It now takes an income of over $110,000 per year to buy the median home in the U.S., according to new data.
Want to buy a home in these 22 states? You'll need a 6-figure income
Posted at 9:07 AM, Apr 01, 2024

It's no secret that housing prices have gone up since 2020, and high interest rates have not helped matters. Now it appears the dream of owning a home is out of reach for many Americans. 

According to new data released Monday by Bankrate, it takes an income of over $100,000 to afford a typical home in 22 states. 

To afford a home, Bankrate says housing expenses should consist of no more than 28% of a person's gross income. Someone with $100,000 of income could afford a monthly housing payment of up to $2,333. 

According to Bankrate, the median cost for a home in January 2024 was $402,343, which is up by 46% compared to January 2020. To be able to afford a $402,343 home, it takes an income of $110,871, according to Bankrate. 

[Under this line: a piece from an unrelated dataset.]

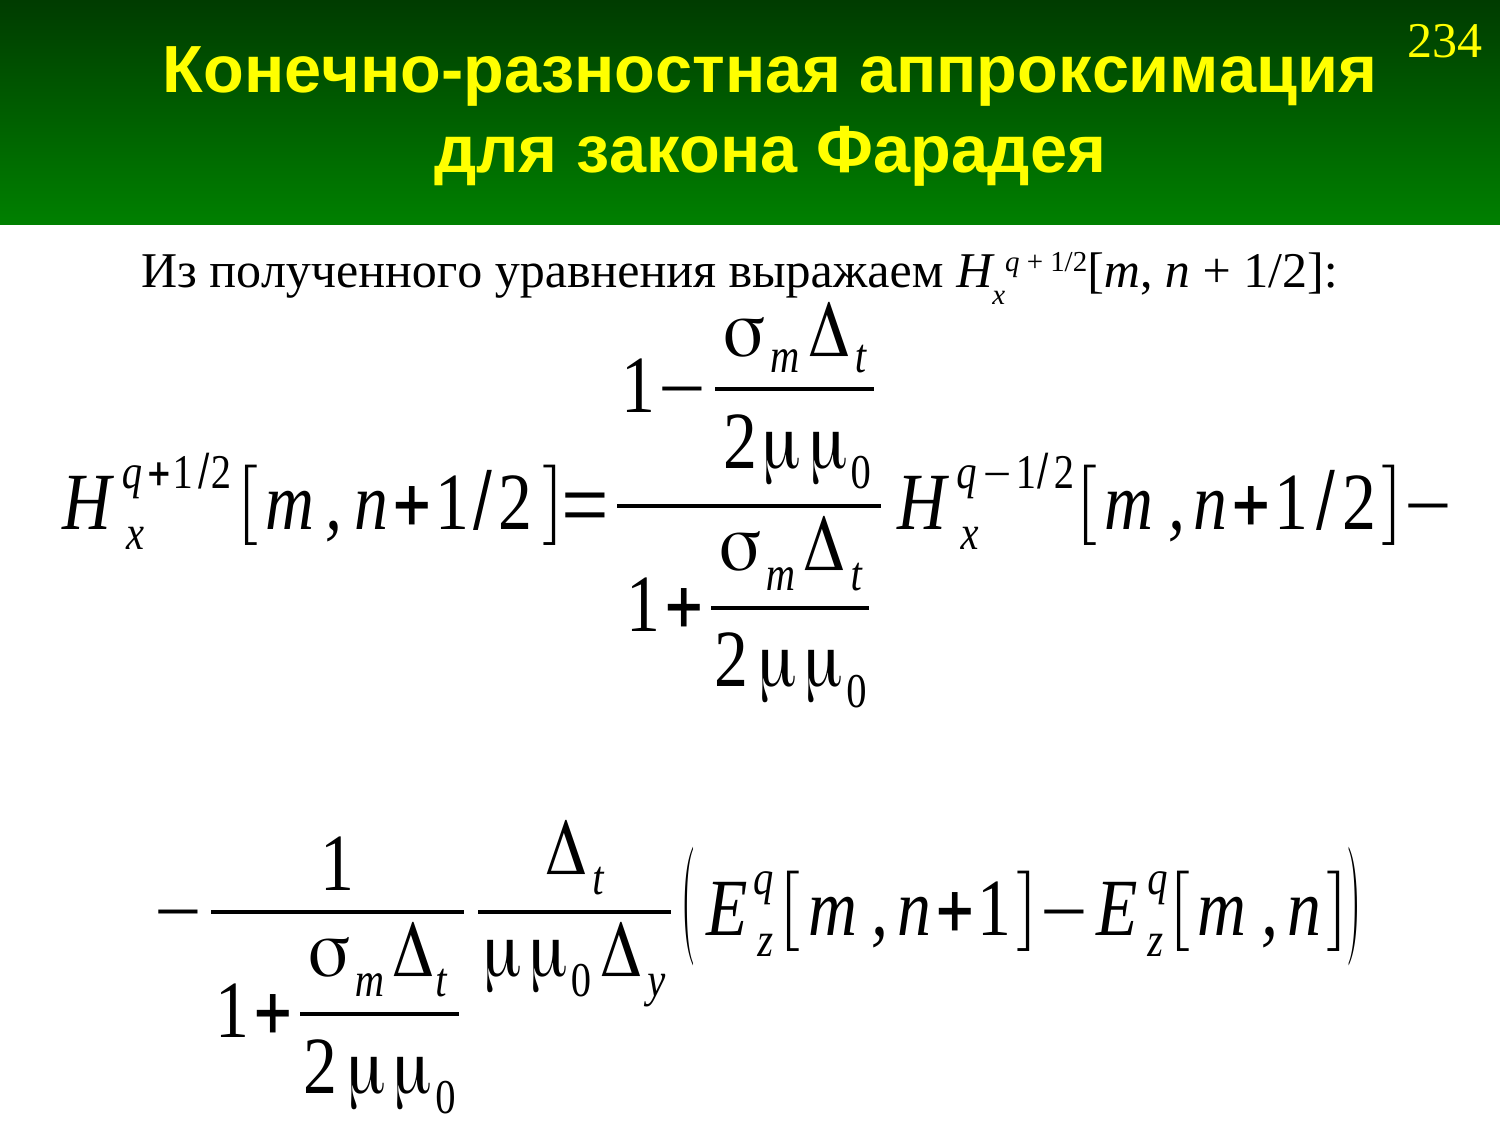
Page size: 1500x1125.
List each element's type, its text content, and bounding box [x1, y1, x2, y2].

chart [41, 295, 1473, 1123]
title Конечно-разностная аппроксимация для закона Фарадея [100, 7, 1441, 204]
text_box Из полученного уравнения выражаем Hxq + 1/2[m, n + 1/2]: [126, 230, 1353, 295]
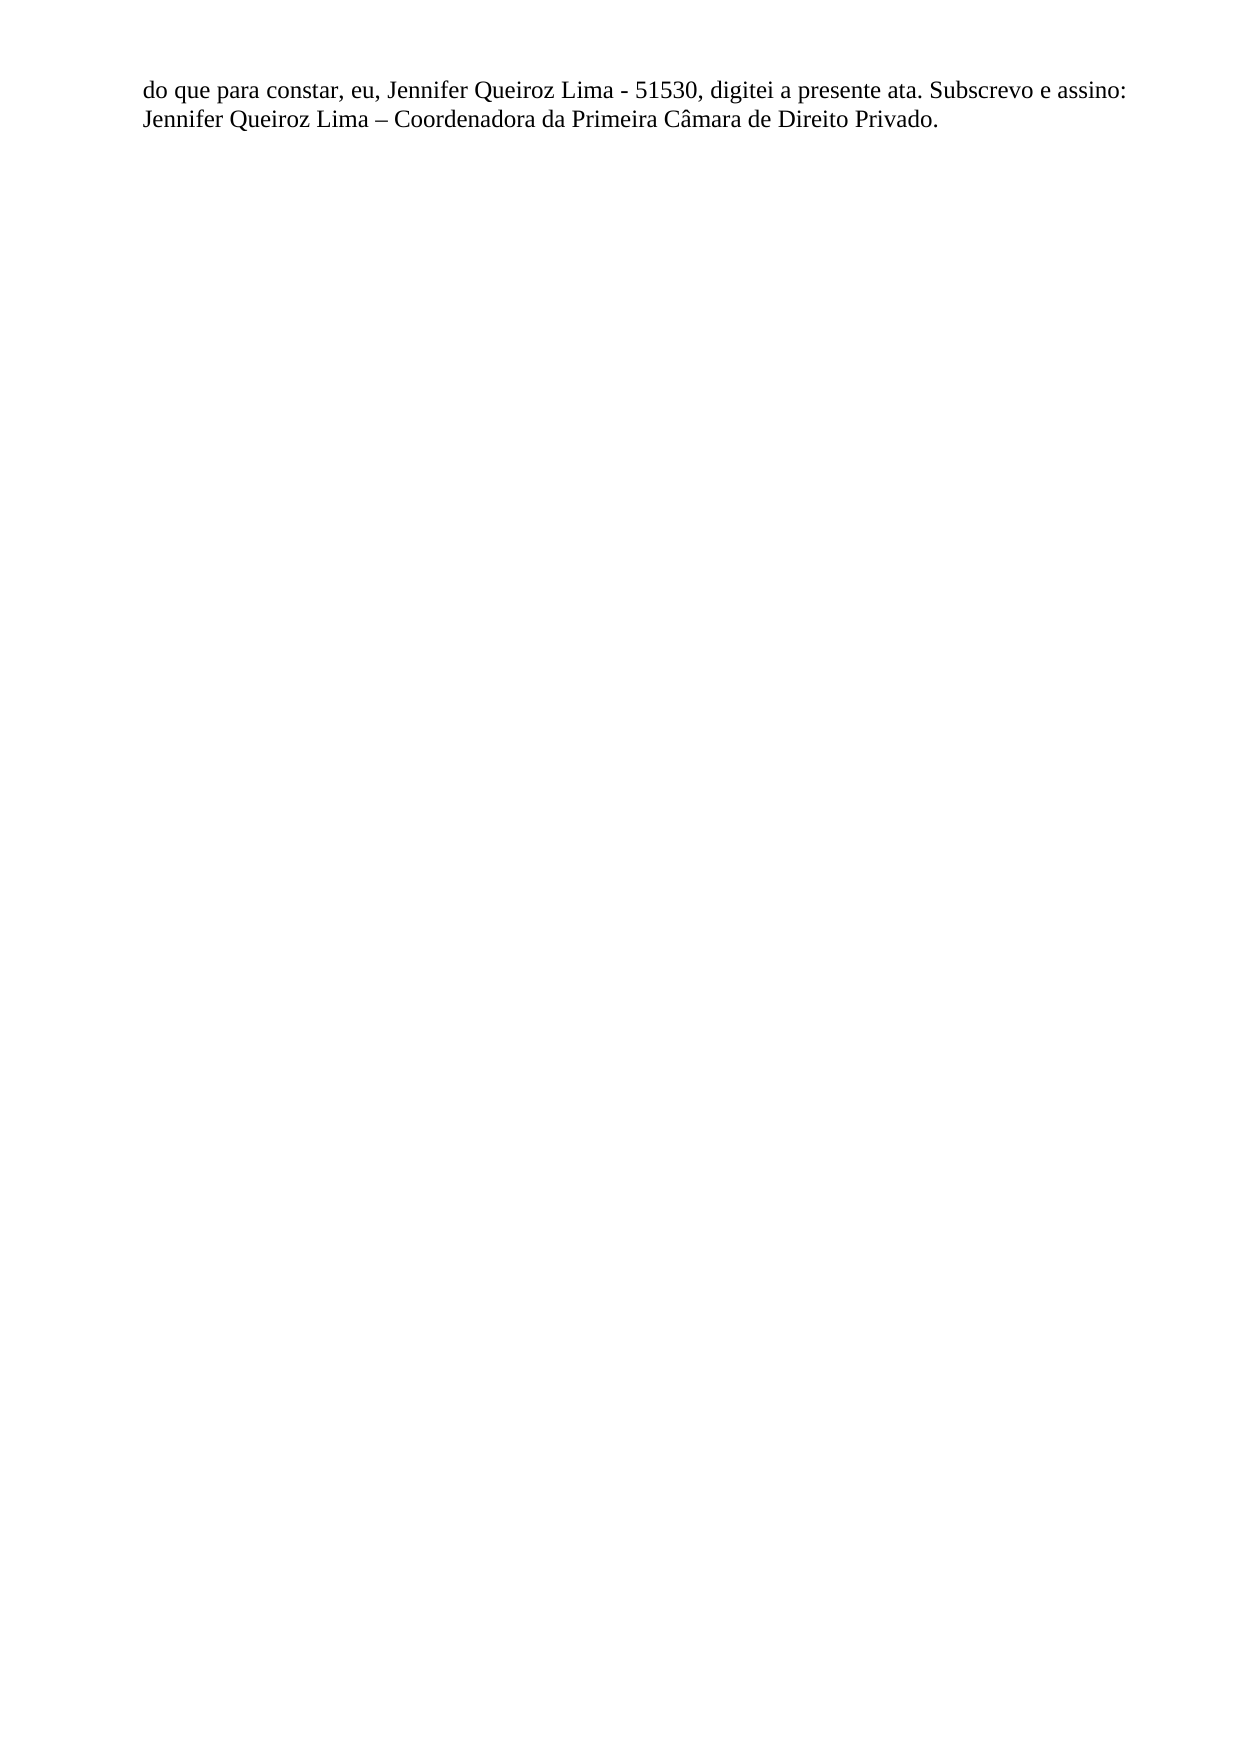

In January 2020, a $100,000 income was needed to buy the median home in five states – California, Hawaii, Massachusetts, New York and Washington. Four years later, a six-figure income was needed in 22 states: Arizona, California, Colorado, Connecticut, Florida, Hawaii, Idaho, Maryland, Massachusetts, Maine, Montana, Nevada, New Hampshire, New Jersey, New York, Oregon, Rhode Island, Texas, Utah, Vermont, Virginia and Washington.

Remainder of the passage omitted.